近年の研究で、プラスチックは健康にも影響を与えることがわかっているが、性格や行動にも影響を与えるようだ。

にも関わらず、日本の小学校はなぜ校庭までプラスチックで覆おうとしているのか。理解できない。

オランダのプロサッカーリーグ、今年から天然芝でのみプレー

オランダのプロサッカーリーグの1部リーグであるエールディヴィジのすべてのクラブは、2025-26シーズン以降、天然芝またはハイブリッドピッチでのみプレーする。

エールディヴィジとファーストディビジョン(2部リーグ)のクラブは、プロサッカーの総会でこの決定に投票。人工芝でのプレーは完全に終了したことを意味しているそうだ。

「オランダのプロサッカーでは、クラブが天然芝やハイブリッドピッチに切り替えると報酬が支払われるため、人工芝のフィールドの数はしばらく減少している。

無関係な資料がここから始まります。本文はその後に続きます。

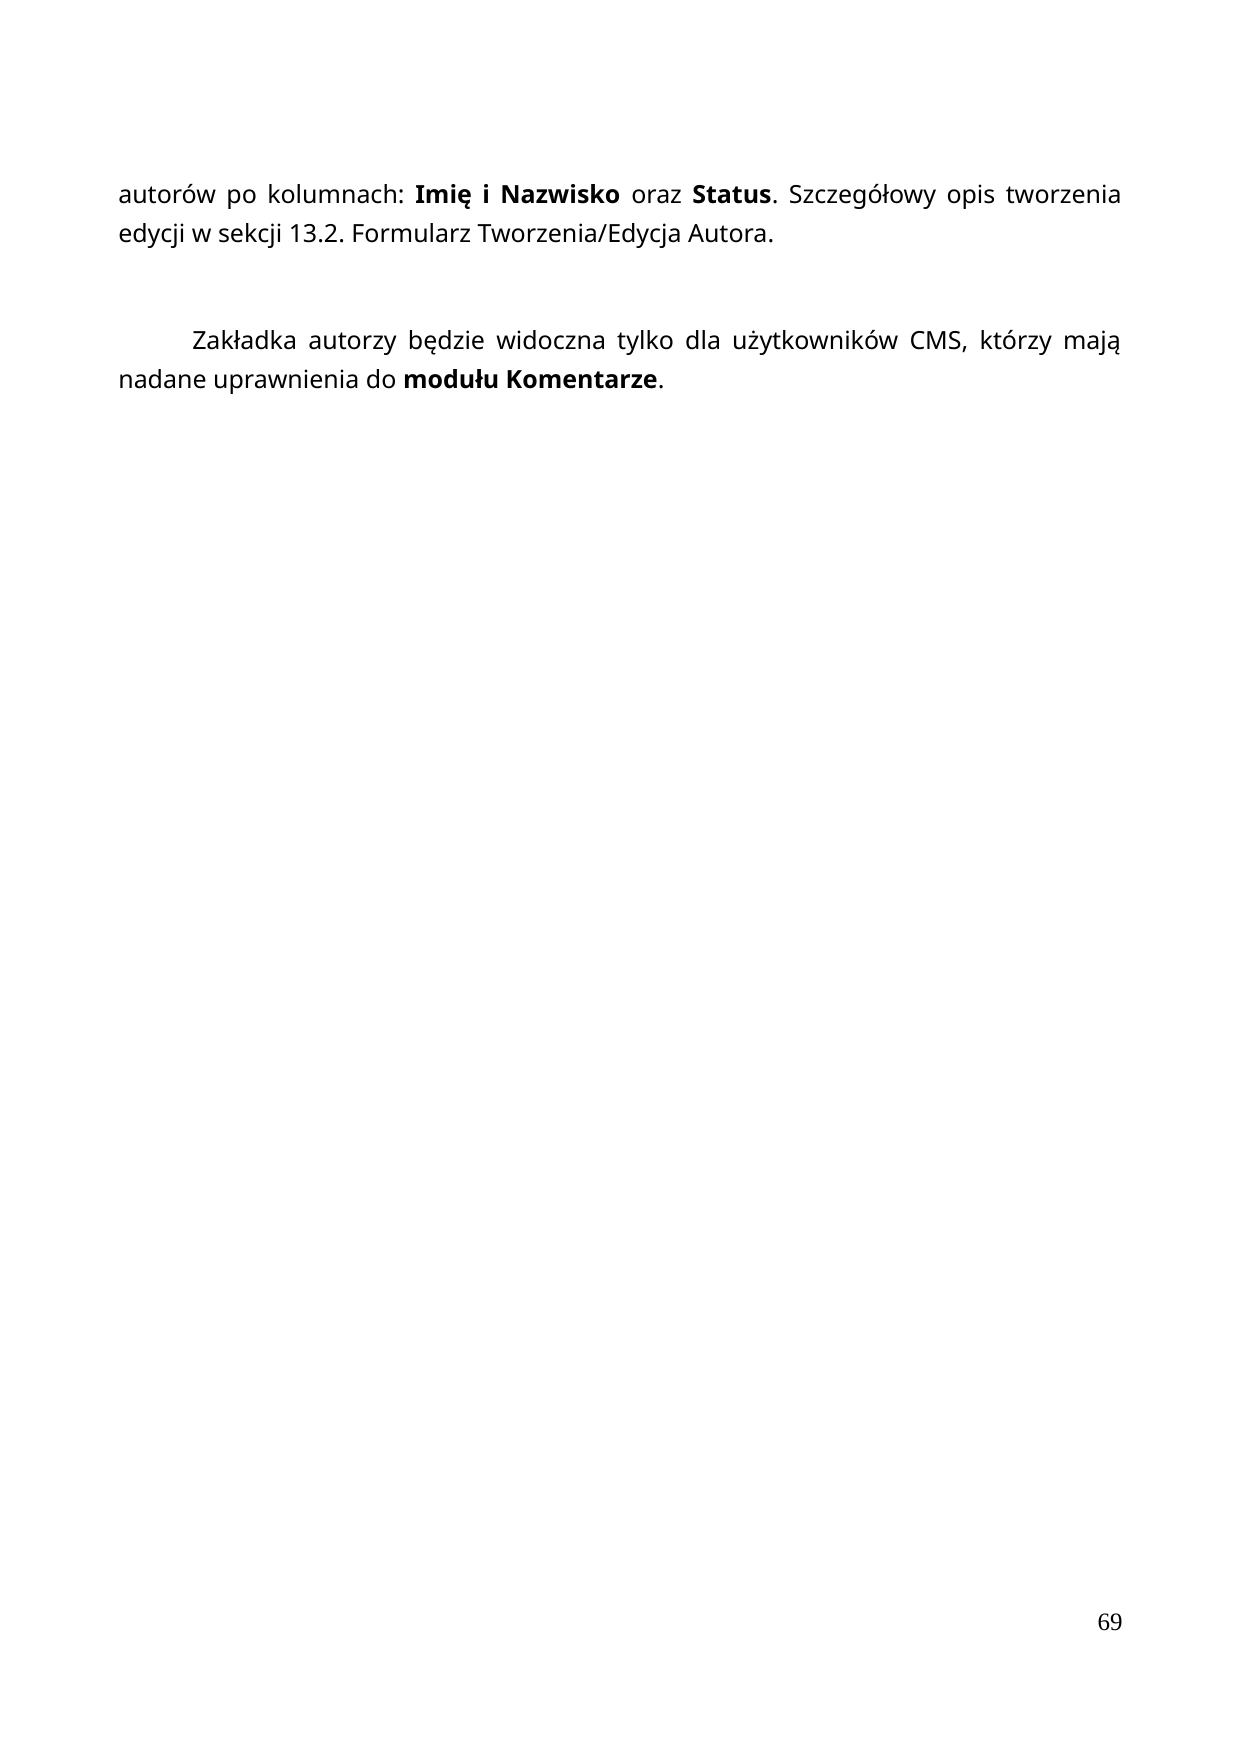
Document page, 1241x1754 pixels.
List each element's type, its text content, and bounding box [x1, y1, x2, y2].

text autorów po kolumnach: Imię i Nazwisko oraz Status. Szczegółowy opis tworzenia edycji w sekcji 13.2. Formularz Tworzenia/Edycja Autora. [118, 176, 1122, 249]
text Zakładka autorzy będzie widoczna tylko dla użytkowników CMS, którzy mają nadane uprawnienia do modułu Komentarze. [118, 323, 1122, 396]

この移行は、2018年にエールディヴィジ変更アジェンダから始まった」とのこと。

https://eredivisie.eu/news/no-more-artificial-turf-in-the-eredivisie-from-the-2025-26-season/

この報酬については、「2018年には欧州カップ戦のグループステージに進出したチームが受け取れるUEFAの分配金・テレビ放映権料の5%を、天然芝を採用しているチームに補助金として支給するルールができ、天然芝への回帰をオランダリーグ全体で促していった」と、この日本語の記事(2020.5.26)にも記述されている↓

かつての人工芝ブームから一転、天然芝の香りが戻ったオランダ

人工芝が減り、天然芝グラウンドが復活することは、気候変動対策にもなるのでとてもうれしい。

日本では、Jリーグ(日本のプロサッカーリーグ)の公式試合は天然芝グラウンドでのみ行われているが、日本サッカー協会の助成金により、各地のサッカー場は人工芝が多い。日本サッカー協会もそろそろ脱人工芝に舵を切るべきではないだろうか。